Just because the authorization to report mental health records is there, doesn’t mean it plays out in reality. State submission of records is voluntary.
Flawed Mental Health Record Submissions
A July 2012 report from the United States Government Accountability Office, an evaluative and investigative arm of Congress, reported a gap in submitted mental health records for NICS background checks.
Between October 2004 and October 2011, there was an increase in mental health records from 126,000 to 1.2 million, but this was by and large the result of about 12 states. Most others made little to no progress following NIAA.
According to the report, technological, legal and other challenges limit some states’ abilities to actively report mental health records.
In that time span, three states increased their total submitted mental health records to about 150,000 each, whereas nearly half of all states increased their records on average by less than 100. As of October 2011, 17 states and five U.S. territories provided fewer than 10 mental health records for the NICS Index.
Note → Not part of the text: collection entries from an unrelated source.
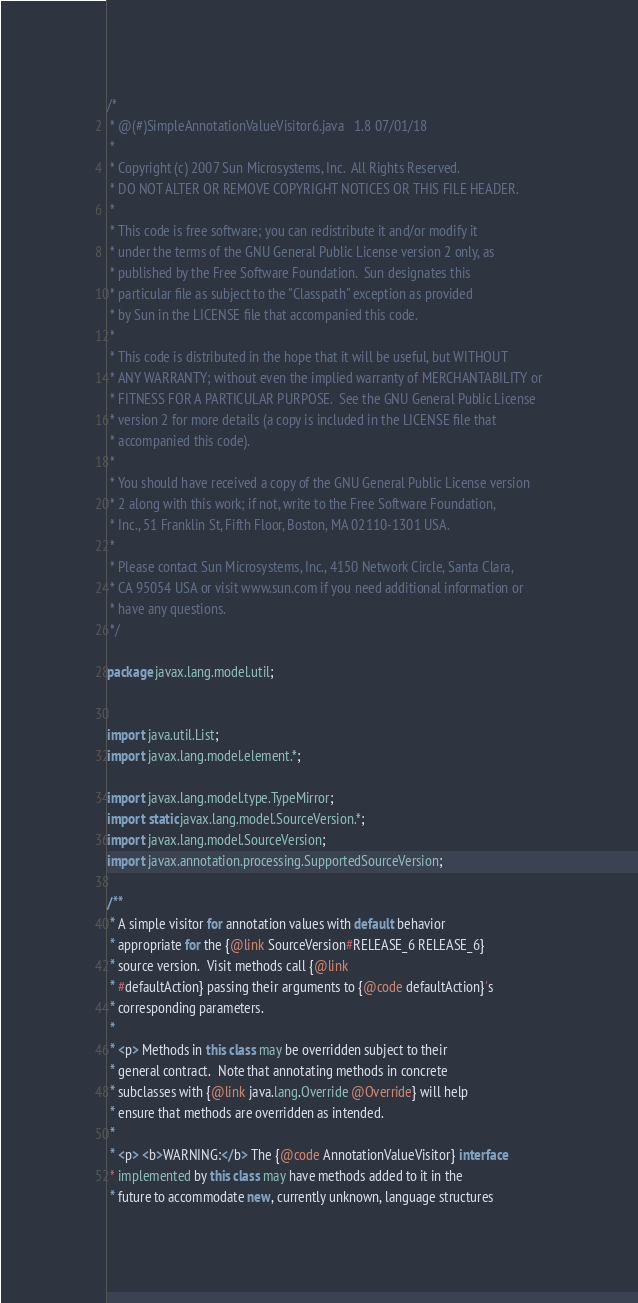Convert code to text. <code><loc_0><loc_0><loc_500><loc_500><_Java_>/*
 * @(#)SimpleAnnotationValueVisitor6.java	1.8 07/01/18
 * 
 * Copyright (c) 2007 Sun Microsystems, Inc.  All Rights Reserved.
 * DO NOT ALTER OR REMOVE COPYRIGHT NOTICES OR THIS FILE HEADER.
 *  
 * This code is free software; you can redistribute it and/or modify it
 * under the terms of the GNU General Public License version 2 only, as
 * published by the Free Software Foundation.  Sun designates this
 * particular file as subject to the "Classpath" exception as provided
 * by Sun in the LICENSE file that accompanied this code.
 *  
 * This code is distributed in the hope that it will be useful, but WITHOUT
 * ANY WARRANTY; without even the implied warranty of MERCHANTABILITY or
 * FITNESS FOR A PARTICULAR PURPOSE.  See the GNU General Public License
 * version 2 for more details (a copy is included in the LICENSE file that
 * accompanied this code).
 *  
 * You should have received a copy of the GNU General Public License version
 * 2 along with this work; if not, write to the Free Software Foundation,
 * Inc., 51 Franklin St, Fifth Floor, Boston, MA 02110-1301 USA.
 *  
 * Please contact Sun Microsystems, Inc., 4150 Network Circle, Santa Clara,
 * CA 95054 USA or visit www.sun.com if you need additional information or
 * have any questions.
 */

package javax.lang.model.util;


import java.util.List;
import javax.lang.model.element.*;

import javax.lang.model.type.TypeMirror;
import static javax.lang.model.SourceVersion.*;
import javax.lang.model.SourceVersion;
import javax.annotation.processing.SupportedSourceVersion;

/**
 * A simple visitor for annotation values with default behavior
 * appropriate for the {@link SourceVersion#RELEASE_6 RELEASE_6}
 * source version.  Visit methods call {@link
 * #defaultAction} passing their arguments to {@code defaultAction}'s
 * corresponding parameters.
 *
 * <p> Methods in this class may be overridden subject to their
 * general contract.  Note that annotating methods in concrete
 * subclasses with {@link java.lang.Override @Override} will help
 * ensure that methods are overridden as intended.
 *
 * <p> <b>WARNING:</b> The {@code AnnotationValueVisitor} interface
 * implemented by this class may have methods added to it in the
 * future to accommodate new, currently unknown, language structures</code>

Federally funded grants are offered to offset costs and incentivize the process of actually submitting data on potentially dangerously mentally ill patients, and while things may have improved, even since the report in 2012, mental health remains a key issue in the spectrum of gun legislation.
Time will only tell how the standards, reporting mechanisms and systematic flaws will change how mental health records are improved.
As it stands, mental health reporting and healthcare remains debatably as much of a powerful tool for public safety as do the rights the Second Amendment affords. When and how mental health and firearms become interrelated, however, only serves to highlight, exacerbate and complicate bipartisan discussion on gun rights.